» Work to complete
Using the records below, filter out every line that lacks "pixels" and copy the rest.

» Source material
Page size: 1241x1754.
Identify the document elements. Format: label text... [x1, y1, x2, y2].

--

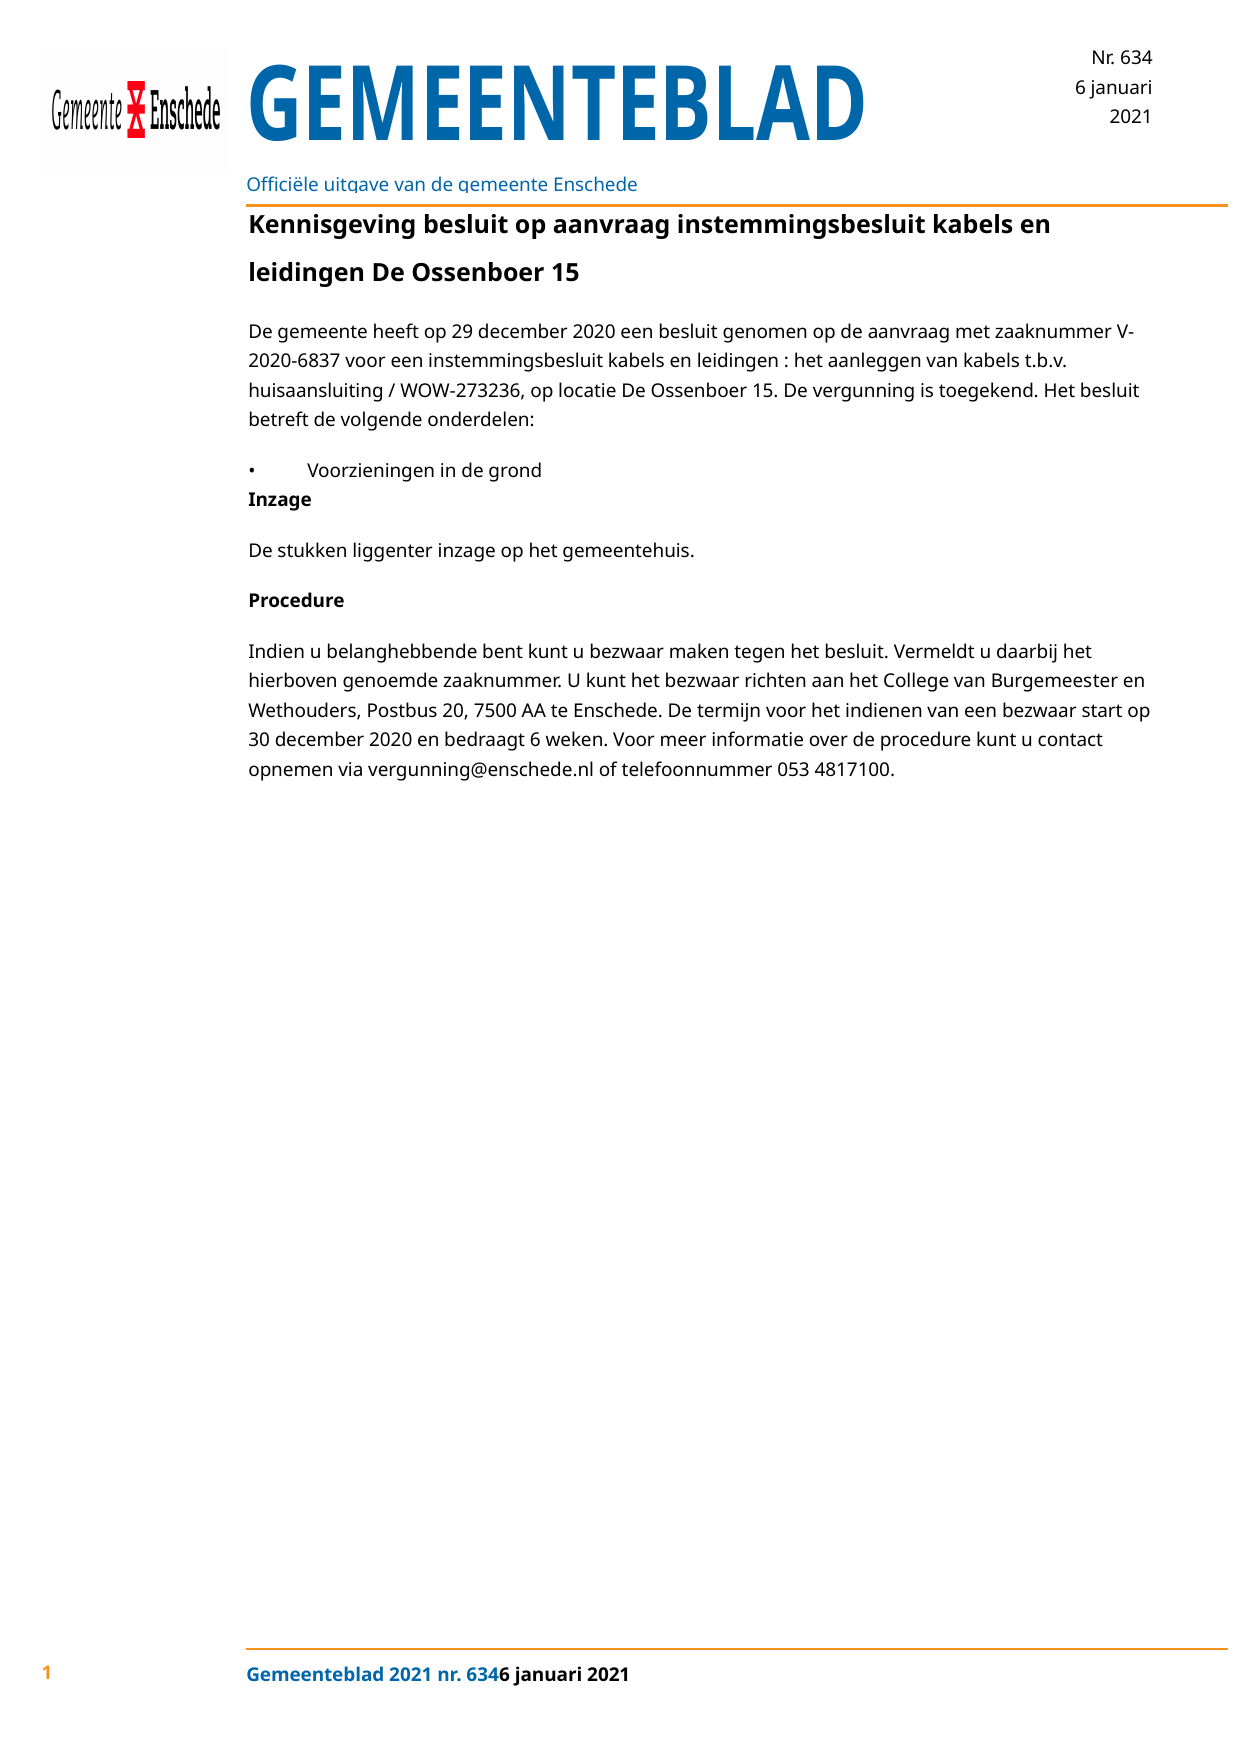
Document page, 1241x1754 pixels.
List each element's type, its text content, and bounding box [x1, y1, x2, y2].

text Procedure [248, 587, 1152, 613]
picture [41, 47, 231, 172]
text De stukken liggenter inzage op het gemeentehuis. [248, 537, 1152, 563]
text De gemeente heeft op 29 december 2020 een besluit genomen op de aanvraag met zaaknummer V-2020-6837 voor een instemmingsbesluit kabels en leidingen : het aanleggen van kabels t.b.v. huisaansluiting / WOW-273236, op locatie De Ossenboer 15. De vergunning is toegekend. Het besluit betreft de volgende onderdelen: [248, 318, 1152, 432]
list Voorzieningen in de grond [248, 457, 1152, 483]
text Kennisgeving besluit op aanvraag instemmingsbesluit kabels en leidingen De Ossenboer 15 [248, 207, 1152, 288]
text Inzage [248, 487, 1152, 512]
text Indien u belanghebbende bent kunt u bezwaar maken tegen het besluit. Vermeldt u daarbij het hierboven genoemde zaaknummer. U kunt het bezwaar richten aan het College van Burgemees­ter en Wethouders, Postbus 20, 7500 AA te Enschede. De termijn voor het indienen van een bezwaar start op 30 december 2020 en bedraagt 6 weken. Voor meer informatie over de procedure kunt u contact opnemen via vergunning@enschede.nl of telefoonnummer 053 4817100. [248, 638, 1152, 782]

--

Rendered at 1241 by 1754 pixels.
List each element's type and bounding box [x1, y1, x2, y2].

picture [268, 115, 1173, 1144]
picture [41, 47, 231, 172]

» The completed task
Document page, 1241x1754 pixels.
Rendered at 1241 by 1754 pixels.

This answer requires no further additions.